The N different 2D normalized cross-correlation coefficient matrices as a result of steps 2–4 are averaged and thresholded with a minimum threshold value, ε, to yield the final weighting matrix.
The final weighting matrix is then multiplied to the standard DAS-beamformed RF data.
Additional steps including bandpass filtering, envelope detection, and log compression are performed to obtain the MPAX-applied image.
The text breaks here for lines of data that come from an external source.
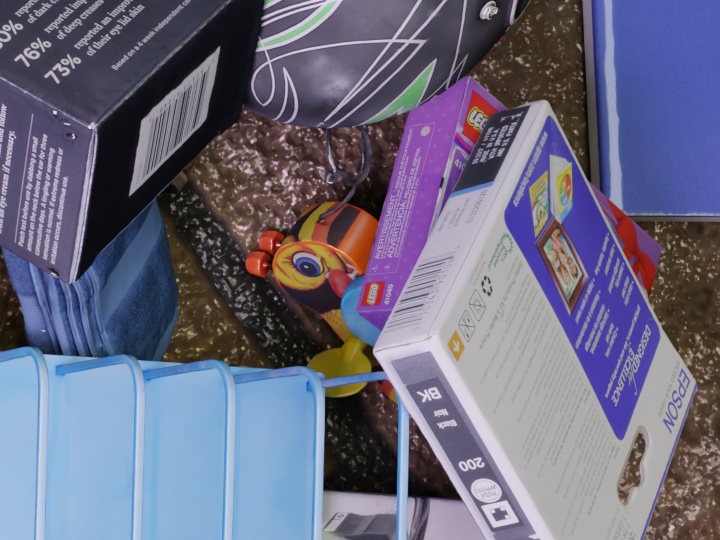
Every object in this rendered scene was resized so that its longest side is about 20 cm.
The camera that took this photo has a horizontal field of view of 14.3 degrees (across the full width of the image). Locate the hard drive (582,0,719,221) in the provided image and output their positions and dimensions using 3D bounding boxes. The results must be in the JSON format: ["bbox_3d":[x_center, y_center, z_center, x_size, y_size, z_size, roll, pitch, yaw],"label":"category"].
[{"bbox_3d":[0.193,-0.129,1.662,0.132,0.025,0.200,0,84,-19],"label":"hard drive"}]

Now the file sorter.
[{"bbox_3d":[-0.087,0.110,1.386,0.200,0.123,0.139,5,83,-27],"label":"file sorter"}]

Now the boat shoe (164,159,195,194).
[{"bbox_3d":[-0.157,-0.123,1.518,0.200,0.072,0.068,40,74,-11],"label":"boat shoe"}]

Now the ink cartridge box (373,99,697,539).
[{"bbox_3d":[0.095,0.050,1.462,0.200,0.043,0.198,59,36,-26],"label":"ink cartridge box"}]

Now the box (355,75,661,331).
[{"bbox_3d":[0.084,0.004,1.542,0.200,0.039,0.137,38,59,-43],"label":"box"}]

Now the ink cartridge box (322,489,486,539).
[{"bbox_3d":[-0.004,0.190,1.528,0.200,0.084,0.145,5,83,-19],"label":"ink cartridge box"}]

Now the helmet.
[{"bbox_3d":[-0.009,-0.163,1.414,0.200,0.200,0.191,50,29,-7],"label":"helmet"}]

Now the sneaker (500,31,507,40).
[{"bbox_3d":[0.057,-0.222,1.580,0.081,0.075,0.200,-20,103,-57],"label":"sneaker"}]

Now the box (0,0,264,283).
[{"bbox_3d":[-0.169,-0.112,1.328,0.200,0.104,0.148,29,47,15],"label":"box"}]

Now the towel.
[{"bbox_3d":[-0.135,-0.017,1.453,0.048,0.200,0.112,8,44,20],"label":"towel"}]

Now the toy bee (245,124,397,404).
[{"bbox_3d":[0.000,0.000,1.556,0.131,0.109,0.200,-31,109,-50],"label":"toy bee"}]

For all experimental results in this study, performance is evaluated in terms of contrast-to-noise ratio (CNR) as defined by:
| (9) |
where S̄t is the mean of the target, S̄b is the mean of the background and σb is the standard deviation of the background in dB [30].
III. Methods
A. Field II Simulation
Computer simulations for a point target were performed using Field II [31] to compare the beamplots for DAS, DAX, and MPAX. Imaging parameters were chosen to model a 64- element ATL P4-2 phased array having parameters summarized in Table I. For DAX, a 4-4 alternating pattern shown in Fig. 1 was used. These are equivalent to two complementary square-wave apodizations having an effective pitch of 2Md = 2 × 4 × 0.32 mm = 2.56 mm. For MPAX, 8 different f0 values (i.e. N = 8) ranging from 0.342 cycles/mm to 0.635 cycles/mm at an increment of 0.042 cycles/mm were selected. The minimum and the maximum f0 values were empirically selected such that the grating lobe level is always higher than that from 4-4 DAX and roughly varies from −30 dB to −40 dB. The N value was also selected empirically based on our experimental phantom results which will be presented and discussed in the next section. With the selected f0 values, the grating lobes move from lateral positions of ±1.47 cm to ±2.74 cm at an increment of 0.181 cm. Among the 8 phase apodization pairs for MPAX used in this study, the first and last f0 values, namely 0.342 cycles/mm (solid lines) and 0.635 cycles/mm (dash-dot lines), are shown for m = 3.6 rad in Fig. 2.
Table I.
Field II Simulation Parameters
| Parameters | Value |
|---|---|
| Total Number of Elements | 64 |
| Center Frequency | 2.5 MHz |
| Bandwidth | 50 % |
| Azimuthal Element Pitch | 0.32 mm |
| Elevation Element Height | 13 mm |
| Sound Speed | 1540 m/s |
| Transmit Focus | 7 cm |
| Angular Beam Spacing | 0.46° |
B. Experimental Data from Custom Sponge Phantom
The performance was evaluated for DAS, DAX, and MPAX with a custom sponge phantom (Grease Monkey Pro Cleaning Hydrophilic Sponge, Big Time Products LLC, Rome, GA) with a 4 cm-diameter circular hole. A previous study reported that a highly-reflective copper wire mesh produces clutter having similar characteristics to that of in vivo data [3]. Hence, in order to mimic near-field reverberation effects, a wiry copper household scouring pad (Practical Matter Copper Mesh Scourers, IMS Trading LLC, Los Angeles, CA) was cut to roughly 1 cm in thickness and placed at the face of the transducer. Individual channel RF signals were acquired from the custom sponge phantom immersed in a container filled with de-gassed water. Data acquisition was performed using a Verasonics data acquisition system (Verasonics, Redmond, WA) with a 64-element ATL P4-2 phased array transducer at a rate of 15 frames/s. A total of 18 frames were acquired from a custom sponge phantom with and without a copper wire mesh at the transducer face. A 1-cycle pulse with a center frequency of 2.5 MHz was used and a total of 128 transmit beams with a transmit focus at an axial depth of 7 cm were used over a 72° field-of-view at an angular beam spacing of 0.57°. All RF data sets were sampled at a sampling frequency of 10 MHz. A 2D-kernel size of 2λ×1.3λ was empirically chosen for 2D normalized cross-correlation in both DAX and MPAX.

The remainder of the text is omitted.